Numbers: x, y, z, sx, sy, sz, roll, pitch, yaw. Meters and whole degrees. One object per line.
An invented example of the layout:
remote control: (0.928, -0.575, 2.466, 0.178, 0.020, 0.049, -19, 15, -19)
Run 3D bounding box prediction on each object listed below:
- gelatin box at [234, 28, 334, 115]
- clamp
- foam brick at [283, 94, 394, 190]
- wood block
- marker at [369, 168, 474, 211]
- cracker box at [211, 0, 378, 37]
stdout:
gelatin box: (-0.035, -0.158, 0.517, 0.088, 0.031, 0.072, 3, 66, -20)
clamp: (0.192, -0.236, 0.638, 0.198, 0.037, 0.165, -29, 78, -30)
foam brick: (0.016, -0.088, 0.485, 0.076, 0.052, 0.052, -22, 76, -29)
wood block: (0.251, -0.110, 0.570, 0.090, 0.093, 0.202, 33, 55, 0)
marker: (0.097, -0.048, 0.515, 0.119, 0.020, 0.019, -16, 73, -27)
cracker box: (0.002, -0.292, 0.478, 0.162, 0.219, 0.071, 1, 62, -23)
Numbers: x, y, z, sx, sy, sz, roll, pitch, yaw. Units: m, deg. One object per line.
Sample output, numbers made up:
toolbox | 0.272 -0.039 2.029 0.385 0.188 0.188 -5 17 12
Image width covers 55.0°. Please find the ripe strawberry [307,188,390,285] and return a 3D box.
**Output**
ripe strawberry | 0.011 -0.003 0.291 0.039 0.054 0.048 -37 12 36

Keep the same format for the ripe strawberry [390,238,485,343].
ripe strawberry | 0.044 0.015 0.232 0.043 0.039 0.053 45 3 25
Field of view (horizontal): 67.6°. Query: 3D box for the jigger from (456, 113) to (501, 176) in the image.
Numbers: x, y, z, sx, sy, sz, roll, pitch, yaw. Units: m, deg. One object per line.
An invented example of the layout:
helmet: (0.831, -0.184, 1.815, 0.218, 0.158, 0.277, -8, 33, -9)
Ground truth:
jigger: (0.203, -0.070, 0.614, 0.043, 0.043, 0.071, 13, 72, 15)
------------------------
From the line that contains "Field of view" down to the last line of the material above, copy every line word for word, both ends included.

Field of view (horizontal): 67.6°. Query: 3D box for the jigger from (456, 113) to (501, 176) in the image.
Numbers: x, y, z, sx, sy, sz, roll, pitch, yaw. Units: m, deg. One object per line.
An invented example of the layout:
helmet: (0.831, -0.184, 1.815, 0.218, 0.158, 0.277, -8, 33, -9)
Ground truth:
jigger: (0.203, -0.070, 0.614, 0.043, 0.043, 0.071, 13, 72, 15)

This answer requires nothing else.